Le comportement actuel des gros patrons békés (qui dominent au sein du MEDEF Guadeloupe), consistant à refuser l'accord salarial après que les Guadeloupéens se soient sacrifiés durant plus de 6 semaines pour obtenir cette augmentation de salaire, relève de l'arrogance coutumière des békés qui n'ont que mépris envers les travailleurs guadeloupéens et martiniquais qu'ils ont toujours considérés comme des non humains, des êtres à créoliser à soumettre à leur culture afin de les empêcher d'être eux mêmes.

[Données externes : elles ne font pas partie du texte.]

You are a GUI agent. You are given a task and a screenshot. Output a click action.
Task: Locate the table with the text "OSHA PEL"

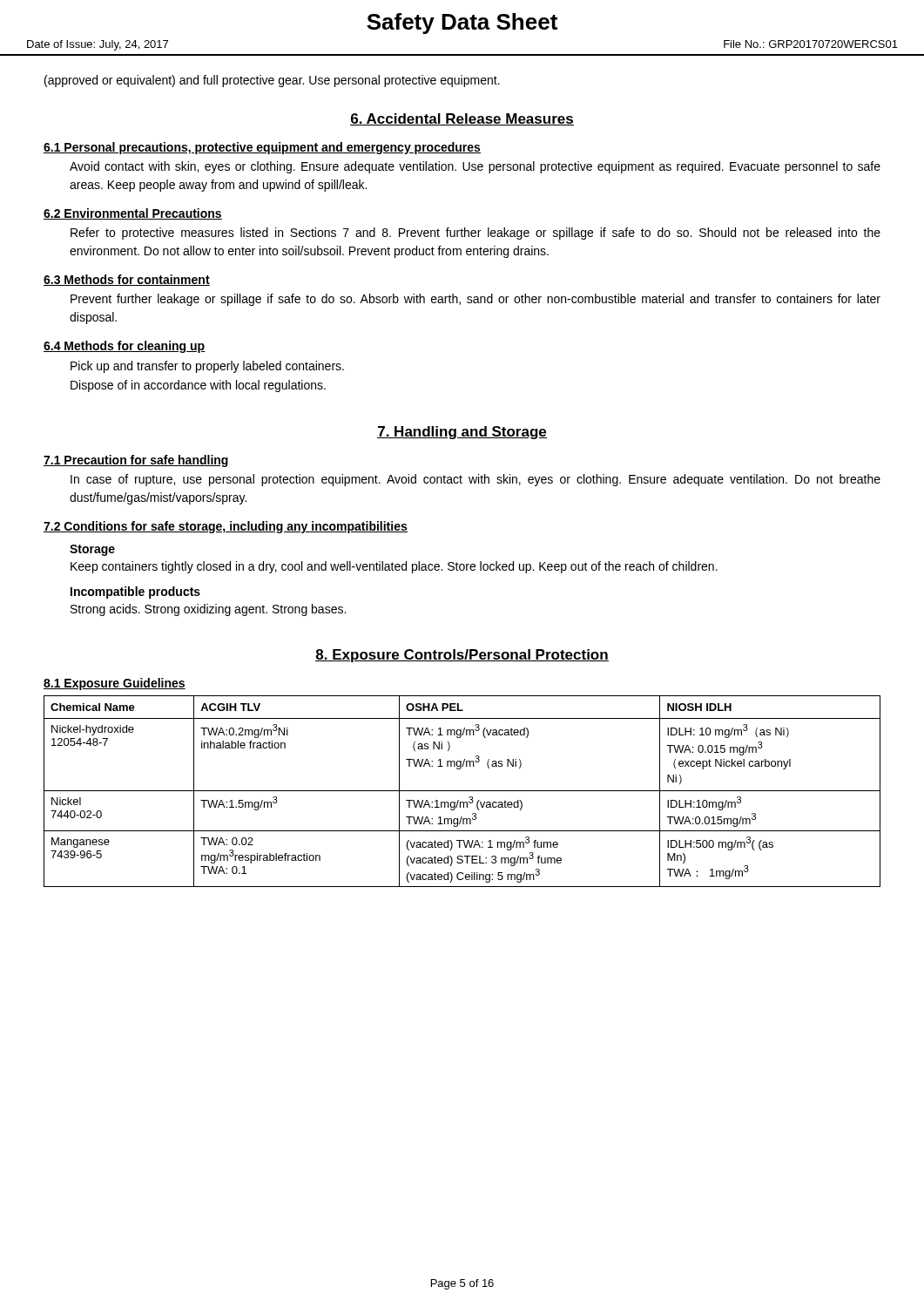[x=462, y=791]

Ce refus de signer cet accord est aussi un moyen pour eux de prouver leur supériorité raciale, économique et social et partant de faire savoir à ces nègres mais aussi au représentant de l'Etat français qui a signé l'accord, qu'ils sont les seuls et véritables maîtres de la Guadeloupe et de la Martinique.
C'est ce même Etat d'esprit qui leur a fait croire qu'en pleine grève générale contre la vie chère en Martinique il pouvaient se permettre d'organiser une contre manifestation en prenant la capitale d'assaut avec leurs tracteurs et leurs 4x4 en guise de chars d'assaut..
Le peuple martiniquais leur a fait comprendre que même s'ils considéraient toujours les martiniquais comme moins que des macaques à peine créolisés, il savait en de telles circonstances se défendre. Et grâce à la détermination du petit peuple des quartiers défavorisés, ils n'ont pas pu entrer dans le centre ville de la capitale et ont dû regagner leur békés land.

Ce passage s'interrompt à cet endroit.